Before exporting final reports
- Treat “export” as a release step: run checks again so corrections (like a fixed date format) actually propagate to all buckets.
Quick checklist for each run:
Try the checker
Use DocketMath’s damages-allocation workflow here:
- Primary calculator: /tools/damages-allocation
Suggested test steps:
- Open /tools/damages-allocation
- Enter your core timeline inputs:
- Trigger date (the baseline for the checker’s default SOL alignment)
- Bucket range (the period you are allocating across)
- Add damages entries (or paste/upload them, depending on how your DocketMath session is set up).
- Run the spreadsheet checks first.
- If the checks pass, proceed to the allocation computation.
If you change any of the following, rerun the checker:
- trigger date (changes the default 6-year alignment)
- allocation period start/end (changes which buckets receive entries)
- weights/ratios (changes how amounts distribute)
- date format or column mapping (prevents silent misreads)

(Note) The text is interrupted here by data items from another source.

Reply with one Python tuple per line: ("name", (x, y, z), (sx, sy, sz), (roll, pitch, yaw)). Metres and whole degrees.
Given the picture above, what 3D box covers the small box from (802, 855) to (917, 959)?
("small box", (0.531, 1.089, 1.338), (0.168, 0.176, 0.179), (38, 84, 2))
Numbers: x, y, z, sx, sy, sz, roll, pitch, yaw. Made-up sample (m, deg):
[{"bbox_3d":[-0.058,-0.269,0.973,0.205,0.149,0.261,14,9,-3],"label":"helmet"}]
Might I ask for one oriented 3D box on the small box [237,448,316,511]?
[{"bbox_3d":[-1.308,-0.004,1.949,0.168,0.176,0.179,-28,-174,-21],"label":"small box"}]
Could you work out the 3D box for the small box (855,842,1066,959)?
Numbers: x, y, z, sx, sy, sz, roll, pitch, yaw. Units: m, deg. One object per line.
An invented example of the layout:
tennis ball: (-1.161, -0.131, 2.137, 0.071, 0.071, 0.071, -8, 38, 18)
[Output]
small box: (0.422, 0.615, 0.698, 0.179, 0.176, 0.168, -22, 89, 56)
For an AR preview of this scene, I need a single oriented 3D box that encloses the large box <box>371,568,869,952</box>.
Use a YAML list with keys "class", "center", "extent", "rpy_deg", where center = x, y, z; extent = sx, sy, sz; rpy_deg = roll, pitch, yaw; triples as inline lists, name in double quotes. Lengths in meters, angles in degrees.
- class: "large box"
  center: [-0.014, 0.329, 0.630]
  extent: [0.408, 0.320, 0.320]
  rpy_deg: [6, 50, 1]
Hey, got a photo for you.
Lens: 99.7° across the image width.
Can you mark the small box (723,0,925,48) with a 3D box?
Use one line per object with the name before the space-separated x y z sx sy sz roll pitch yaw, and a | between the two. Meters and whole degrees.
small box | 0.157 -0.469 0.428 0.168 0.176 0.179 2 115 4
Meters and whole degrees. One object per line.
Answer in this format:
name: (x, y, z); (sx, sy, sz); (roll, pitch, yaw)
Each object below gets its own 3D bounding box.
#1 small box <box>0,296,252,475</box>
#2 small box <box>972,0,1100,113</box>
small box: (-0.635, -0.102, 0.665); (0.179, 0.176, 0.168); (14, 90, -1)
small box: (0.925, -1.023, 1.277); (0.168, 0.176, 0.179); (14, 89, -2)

How outputs change when checks flag issues
The checker doesn’t just “note” problems—it helps you decide what to trust. Common patterns:
If dates exceed the 6-year default window
- Expect allocation outputs to reflect damages allocated outside your intended eligibility window.
- Correcting the trigger date or bucket range typically changes which buckets include entries and shifts totals.
If buckets don’t align
- Entries can land in the wrong bucket or fail to roll up.
- Fixing bucket boundaries changes per-bucket totals and the final distribution.
If weights don’t sum or normalize
- Percent-based allocations can inflate or undercount damages.
- Correcting weights changes the distribution even if dates are correct.
Gentle note: This is not legal advice. DocketMath’s spreadsheet checks focus on internal consistency and jurisdiction-aware defaults (including Wisconsin’s 6-year baseline under Wis. Stat. § 939.74(1)). You should still review results for accuracy and suitability to your specific situation.